"- Its order is 12." appears in one line of the listing below; retype that line and every later line exactly, stopping at the end, and nothing else.

—————

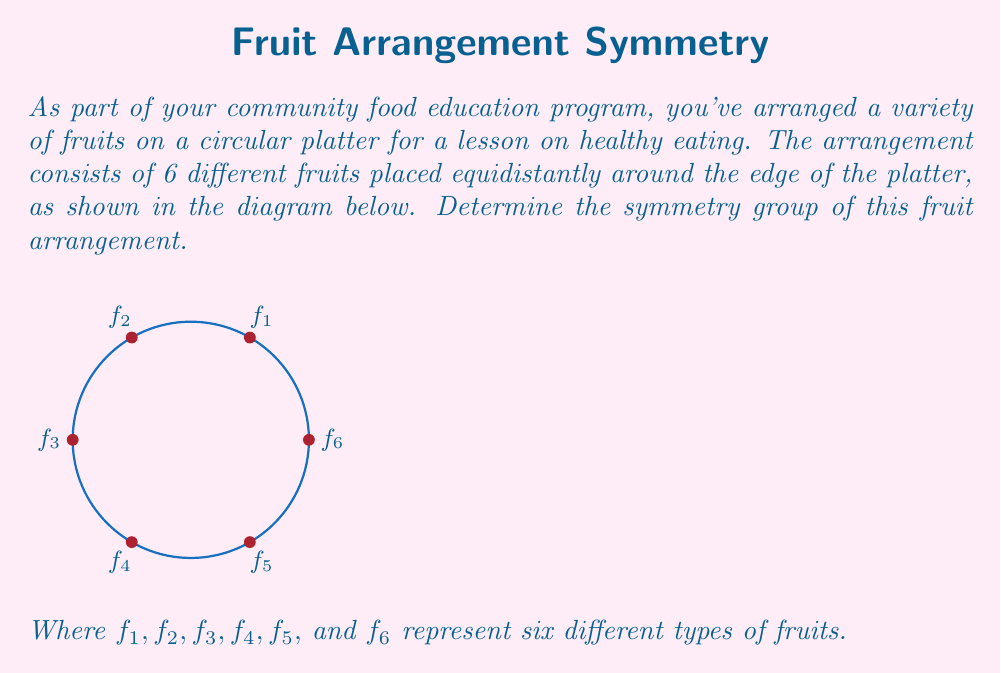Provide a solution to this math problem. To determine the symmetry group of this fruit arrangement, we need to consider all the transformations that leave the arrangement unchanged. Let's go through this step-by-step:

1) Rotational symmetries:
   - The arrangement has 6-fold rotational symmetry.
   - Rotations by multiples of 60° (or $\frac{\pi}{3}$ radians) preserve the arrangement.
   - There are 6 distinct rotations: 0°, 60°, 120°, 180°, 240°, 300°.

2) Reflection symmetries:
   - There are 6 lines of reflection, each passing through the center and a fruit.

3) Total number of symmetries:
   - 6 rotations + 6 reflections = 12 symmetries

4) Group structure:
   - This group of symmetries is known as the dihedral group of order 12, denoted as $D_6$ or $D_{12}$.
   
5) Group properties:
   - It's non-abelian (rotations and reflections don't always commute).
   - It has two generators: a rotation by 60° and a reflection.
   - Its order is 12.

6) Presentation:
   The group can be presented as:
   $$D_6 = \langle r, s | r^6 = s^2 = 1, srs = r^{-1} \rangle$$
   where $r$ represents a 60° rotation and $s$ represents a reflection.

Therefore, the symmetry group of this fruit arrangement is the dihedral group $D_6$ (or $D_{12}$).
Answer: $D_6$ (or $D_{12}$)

—————

§ Completed exercise:
   - Its order is 12.

6) Presentation:
   The group can be presented as:
   $$D_6 = \langle r, s | r^6 = s^2 = 1, srs = r^{-1} \rangle$$
   where $r$ represents a 60° rotation and $s$ represents a reflection.

Therefore, the symmetry group of this fruit arrangement is the dihedral group $D_6$ (or $D_{12}$).
Answer: $D_6$ (or $D_{12}$)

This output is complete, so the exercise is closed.